I record the detail data to more significant digits, but the app I use now is rounding the totals. Back when I kept it in a spreadsheet I’d have a few more decimal places.
But I’m not compulsive about it.
Edit: My 2009 Sonata – 8104 gallons, $22,206.53 and 223,012 miles. 27.57 mpg, $2.74 average cost/gallon.
The 2009 Santa Fe: 5,930 gallons, $16,964.31, and 115,101 miles. 18.98 mpg, $2.861 cost/gallon.
the 2020 Santa Fe: 139 gallons, $268.26, and 3542 miles. 25.41 mpg, $1.924 cost/gallon.
And the 2020 Santa Fe is a bigger heavier vehicle than the 2009 model.
I bow to the master.
I started to brag about my similar data back to 1992 this morning but then I saw you had already beat me (in both duration and quality). Then I thought about trying to raise you with the “cost of ownership” spreadsheets I’ve kept for all of my dogs since then also…but I don’t want to come off like a total nerd.
What’s nerdy about that?
Too late for anyone still in this conversation.

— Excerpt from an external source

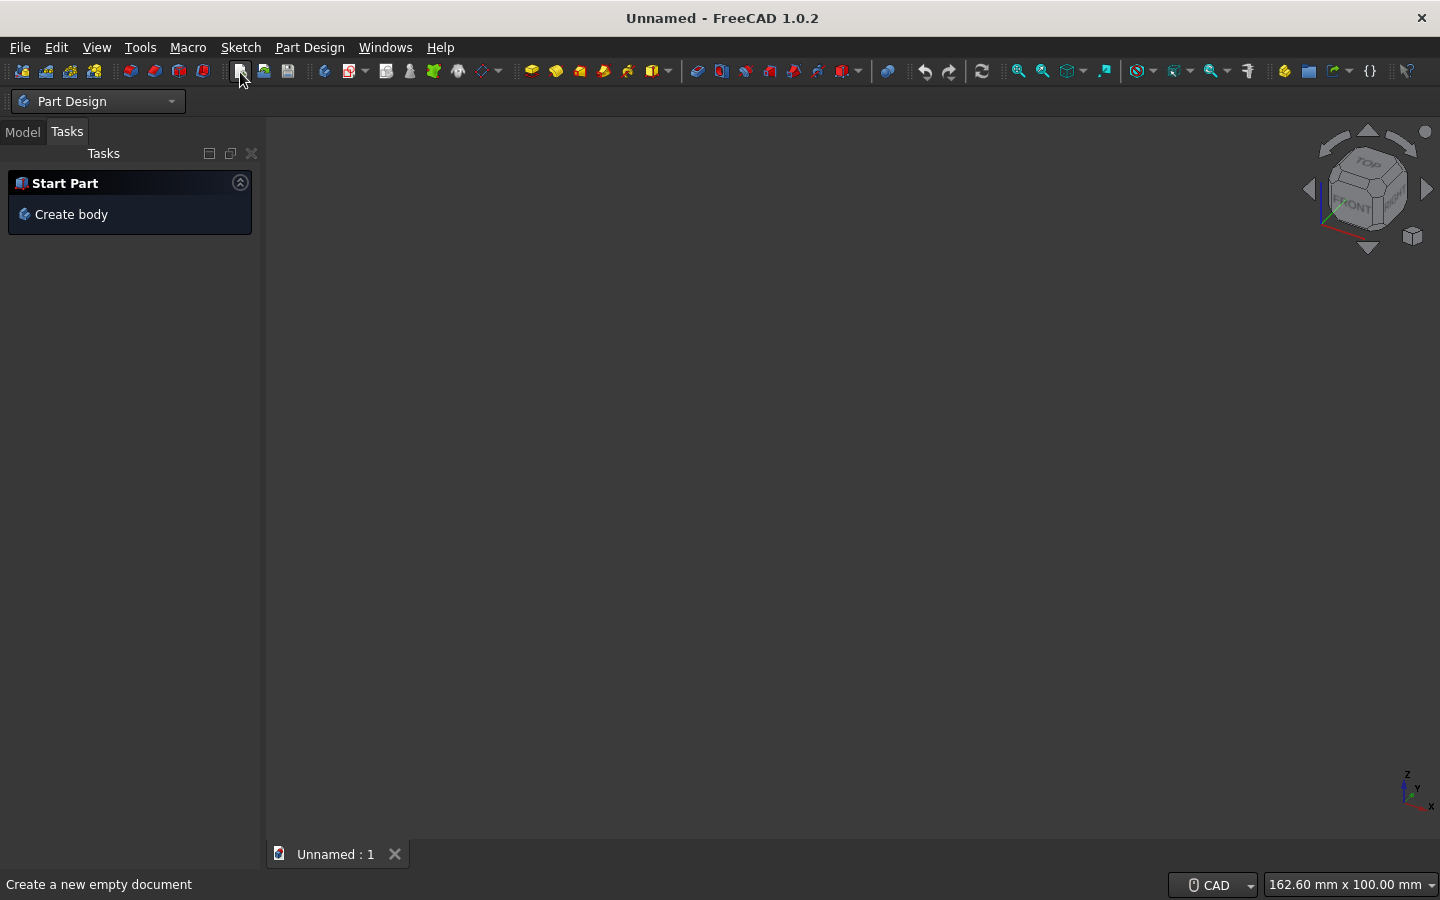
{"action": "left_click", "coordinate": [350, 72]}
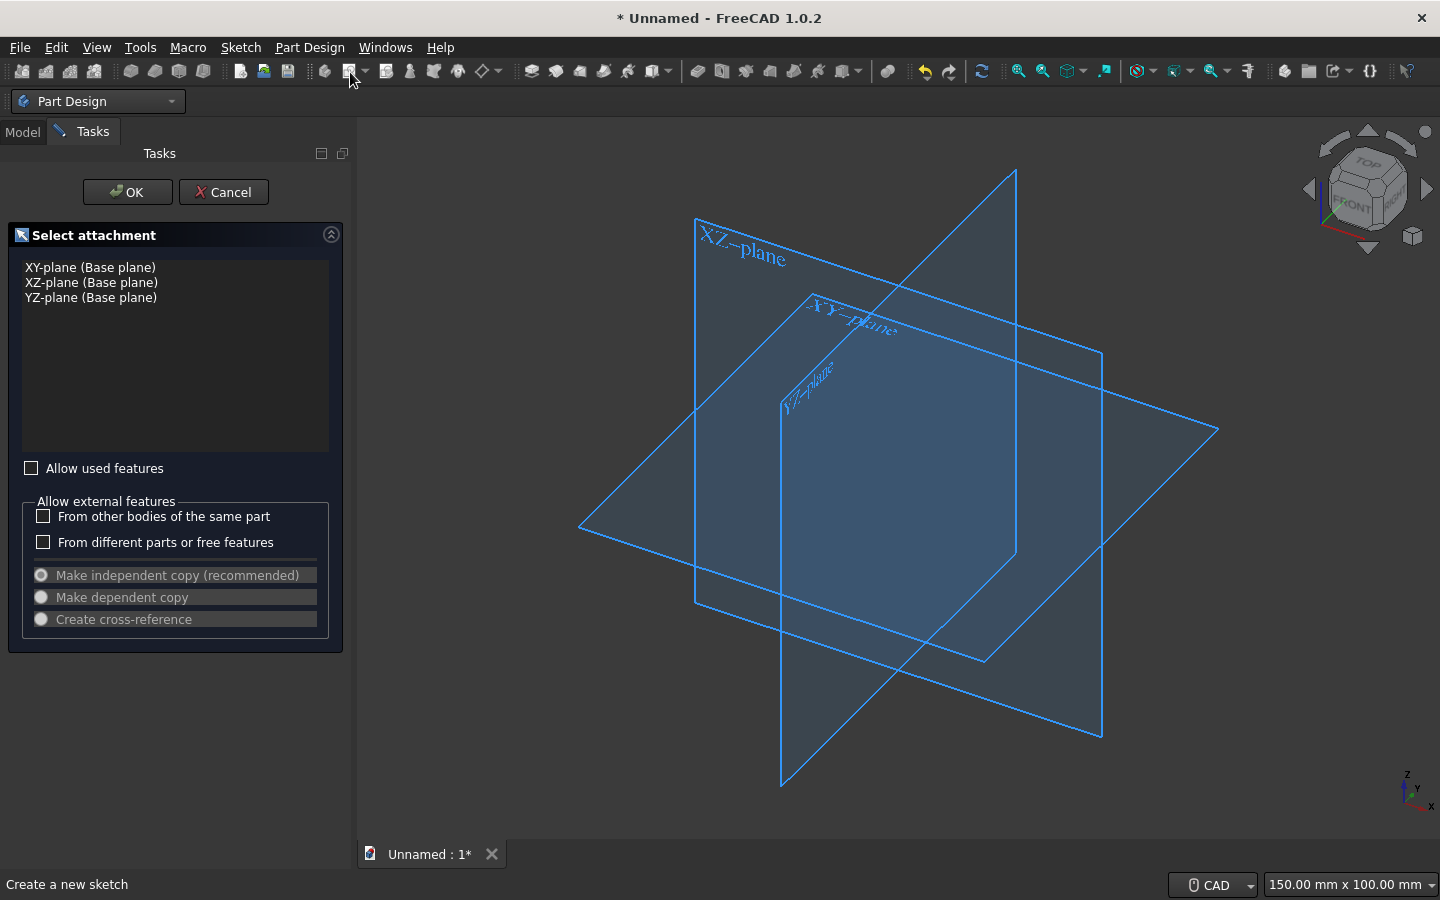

One thing I learned in high school that I use still frequently to this day is,
It’s so easy to remember and I don’t to remember “opposite over hypotenuse” is sine and Adjacent over Hypotenuse is cosine.
That math teacher also taught us how to use a slide rule in 1979, for one day. Then he said, you will probably never touch one again in your life. He was right.
Yeah, we learned to do simple single-digit multiplication on a slide rule circa 1978-ish, just ‘cuz. (Like I needed a tool to know that 8×4=32).
Do kids still learn how to do interpolation/extrapolation from the log tables in the back of the math text? Or is that a completely obsolete skill now?
I doubt it, but I used to use interpolation to calculate child support obligations from the table in the Family Code.